* [WHAT TO PRODUCE] Pictures are to be left out; otherwise, copy exactly the lines from the line containing "Answer: -1. What" through the end of the data.

(Stored data entries)
● ● ● ● ● ● ●

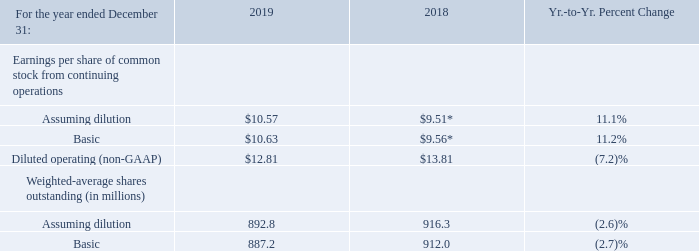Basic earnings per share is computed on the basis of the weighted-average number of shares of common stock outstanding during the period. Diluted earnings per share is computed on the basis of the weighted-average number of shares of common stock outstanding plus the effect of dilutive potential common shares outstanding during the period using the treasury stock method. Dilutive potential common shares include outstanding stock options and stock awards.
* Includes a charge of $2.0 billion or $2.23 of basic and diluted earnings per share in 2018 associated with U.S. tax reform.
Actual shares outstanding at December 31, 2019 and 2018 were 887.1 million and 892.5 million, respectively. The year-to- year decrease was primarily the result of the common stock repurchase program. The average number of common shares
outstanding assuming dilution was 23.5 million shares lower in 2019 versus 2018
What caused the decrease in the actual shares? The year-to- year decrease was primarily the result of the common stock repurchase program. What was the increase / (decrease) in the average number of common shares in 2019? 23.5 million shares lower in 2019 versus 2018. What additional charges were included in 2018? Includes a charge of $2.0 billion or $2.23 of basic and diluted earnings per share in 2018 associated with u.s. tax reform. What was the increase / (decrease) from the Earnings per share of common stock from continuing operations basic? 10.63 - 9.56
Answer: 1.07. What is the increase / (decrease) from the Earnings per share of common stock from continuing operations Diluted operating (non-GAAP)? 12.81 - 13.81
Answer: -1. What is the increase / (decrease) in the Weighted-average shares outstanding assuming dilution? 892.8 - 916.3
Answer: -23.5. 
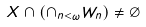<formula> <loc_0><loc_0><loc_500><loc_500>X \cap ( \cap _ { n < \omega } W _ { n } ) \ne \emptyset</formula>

● ● ● ● ● ● ●

* [EXERCISE SOLUTION]
Answer: -1. What is the increase / (decrease) in the Weighted-average shares outstanding assuming dilution? 892.8 - 916.3
Answer: -23.5. 
<formula> <loc_0><loc_0><loc_500><loc_500>X \cap ( \cap _ { n < \omega } W _ { n } ) \ne \emptyset</formula>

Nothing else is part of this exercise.